◆ Try it
Write out the entries exactly. None of the pictures should appear in the copy.

◆ Data section
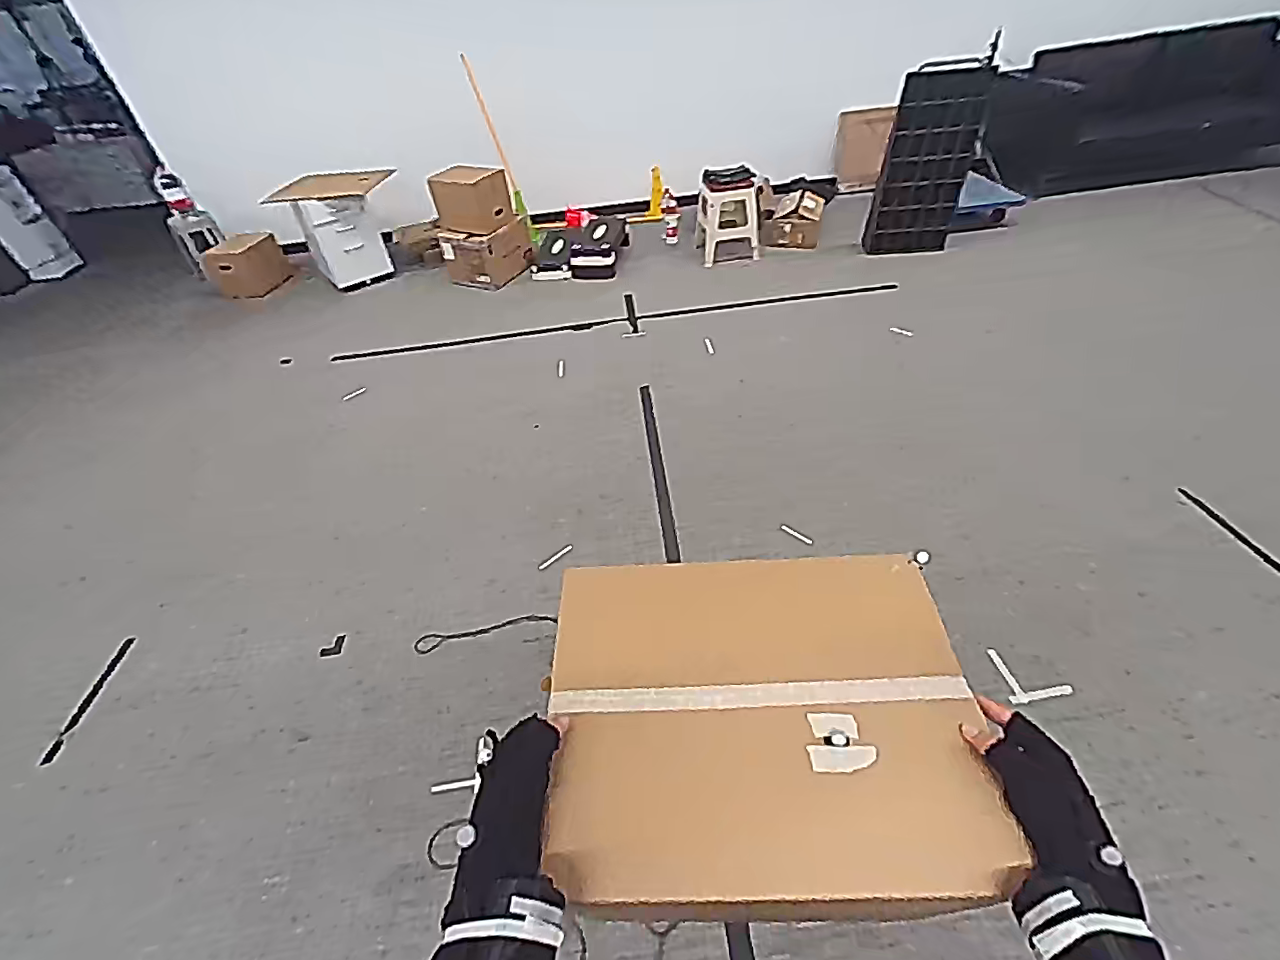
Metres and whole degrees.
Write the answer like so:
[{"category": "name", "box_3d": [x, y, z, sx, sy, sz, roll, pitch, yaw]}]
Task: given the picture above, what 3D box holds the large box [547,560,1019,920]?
[{"category": "large box", "box_3d": [0.121, 0.320, 0.658, 0.408, 0.320, 0.320, -3, 49, 2]}]
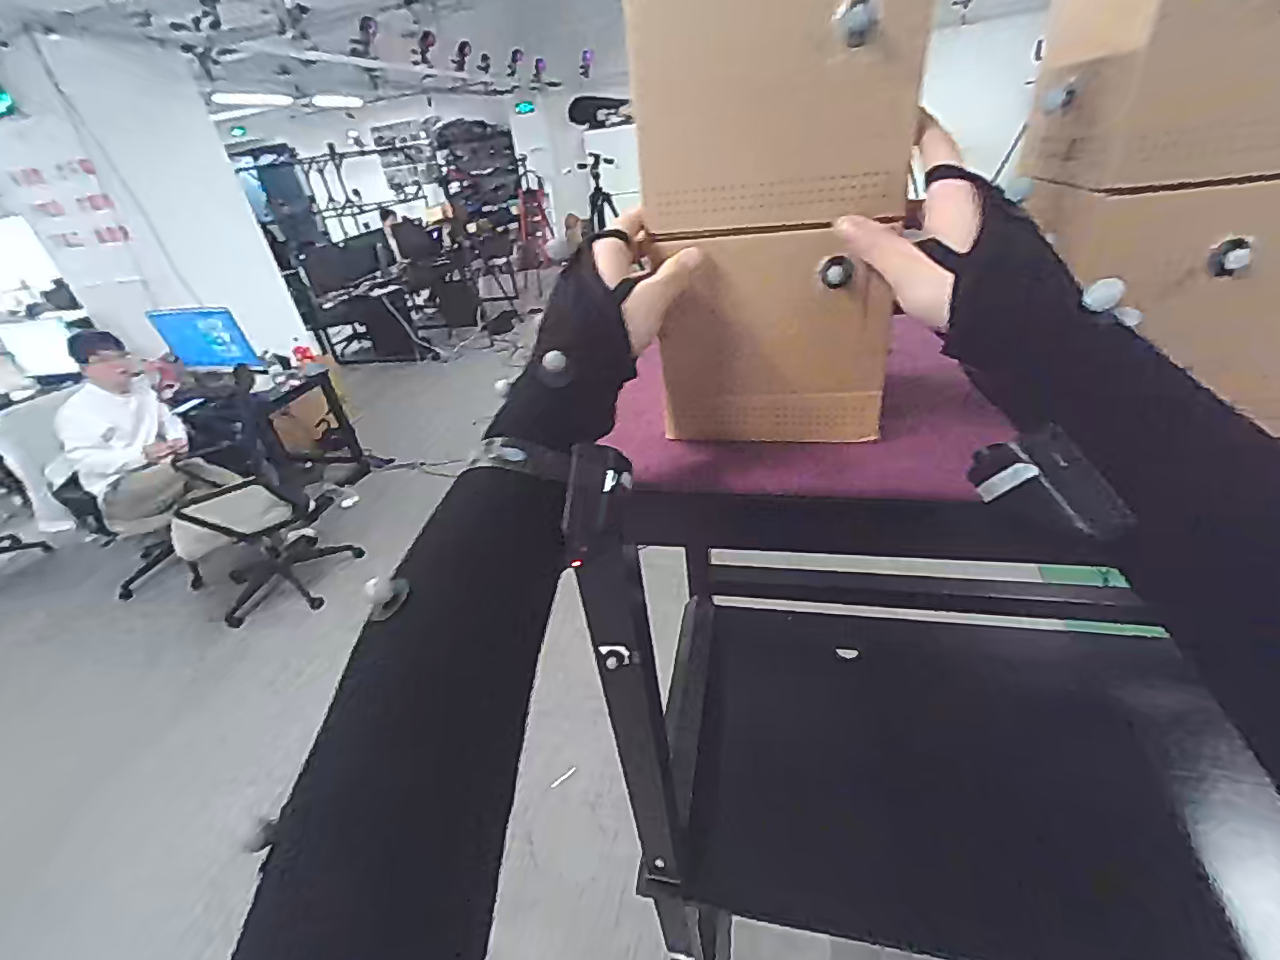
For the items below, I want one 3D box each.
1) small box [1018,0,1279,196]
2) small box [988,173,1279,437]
[{"bbox_3d":[0.364,-0.279,0.323,0.179,0.176,0.168,1,32,17],"label":"small box"},{"bbox_3d":[0.386,-0.141,0.409,0.179,0.176,0.168,2,33,17],"label":"small box"}]

◆ Your response
Metres and whole degrees.
Write the answer like so:
[{"category": "name", "box_3d": [x, y, z, sx, sy, sz, roll, pitch, yaw]}]
Task: given the picture above, what 3D box holds the large box [547,560,1019,920]?
[{"category": "large box", "box_3d": [0.121, 0.320, 0.658, 0.408, 0.320, 0.320, -3, 49, 2]}]
For the items below, I want one 3D box each.
1) small box [1018,0,1279,196]
2) small box [988,173,1279,437]
[{"bbox_3d":[0.364,-0.279,0.323,0.179,0.176,0.168,1,32,17],"label":"small box"},{"bbox_3d":[0.386,-0.141,0.409,0.179,0.176,0.168,2,33,17],"label":"small box"}]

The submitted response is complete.